Anakinra (recombinant interleukin-1 receptor antagonist: IL-1Ra) is another therapeutic option with IL-1 blockade properties. A group of American researchers suggested that continuous intravenous Anakinra infusions might have significant survival benefits owing to possibly reversing the cytokine storm in patients with COVID-19 (38). Previously, Shakoory B, et al. (39) claimed that the administration of Anakinra intravenously at a dose of 2.0 mg/kg/h for 72 h could significantly reduce the 28 d mortality in 484 patients with severe sepsis. Though the exact role of IL-1 in the pathogenesis of CSS is unclear, it seems that IL-1 receptor blockade may aid in better control of the inflammatory process. According to the previous reports, Anakinra is a biopharmaceutical drug with a wide therapeutic range, and high safety (40). Currently, Anakinra has been approved by the food and drug administration (FDA) for the treatment of a variety of auto-immune diseases, including rheumatoid arthritis as well as neonatal-onset multisystem inflammatory disease (41).

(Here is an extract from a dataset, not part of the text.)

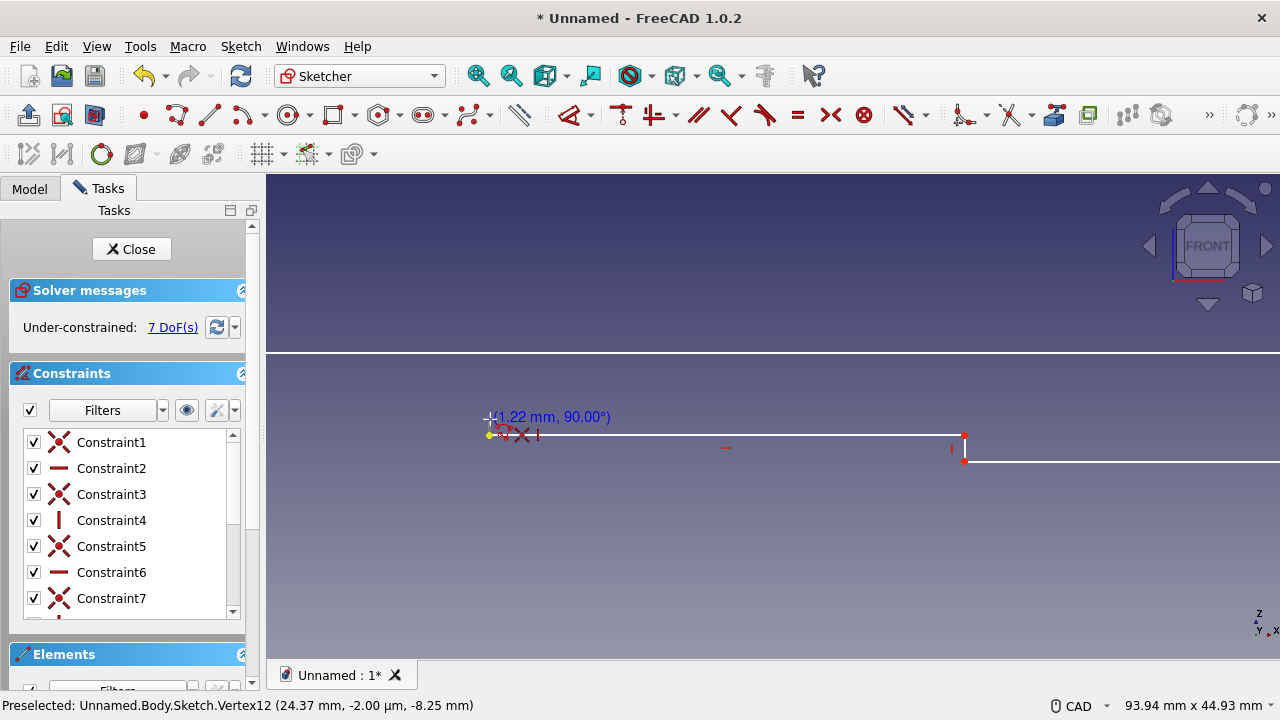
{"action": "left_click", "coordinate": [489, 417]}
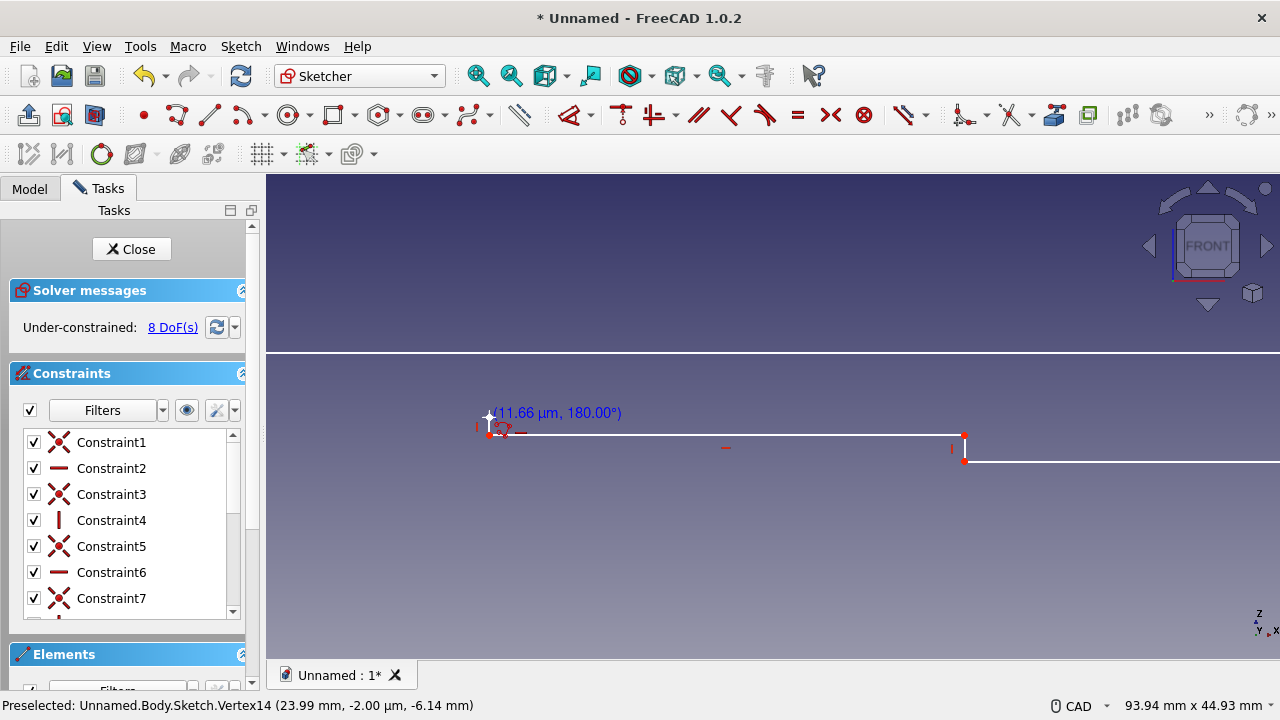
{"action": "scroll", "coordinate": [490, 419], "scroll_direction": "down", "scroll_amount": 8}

TNFα is another main cytokine in many inflammatory diseases. The elevated level of TNFα in blood and tissues of patients with COVID-19 has been indicated in previous reports (42,43). The potential role of anti-TNF therapy has been considered recently for reducing inflammation in COVID-19. Some anti-TNF antibodies such as infliximab or adalimumab have been suggested for modulating hyper-inflammatory responses in patients with COVID-19. Based on clinical recent studies, TNF blockade, as an amplifier of inflammation, causes a rapid reduction in IL-6 and IL-1 concentrations (44,45). Feldmann and colleagues have postulated that a single infusion of anti-TNF antibody in the early stage of infection can be effective in the treatment of patients with COVID-19 (42). However, the accuracy of this hypothesis must be confirmed by clinical trials.

Conclusion

Based on available evidence, targeting the cytokine storm should be considered in the current COVID-19 outbreak in patients with severe disease for alleviation patients’ inflammatory status. However, future clinical trials are required to gain more definite conclusion regarding the potential mechanistic connections between blockade of inflammatory cytokines (i.e. IL-6, IL-1 and TNFα) and COVID-19 management in severe patients.

Conflict of Interest

No potential conflict of interest was disclosed.

Funding

This research did not receive any specific grant from funding agencies in the public, commercial, or not-for-profit sectors.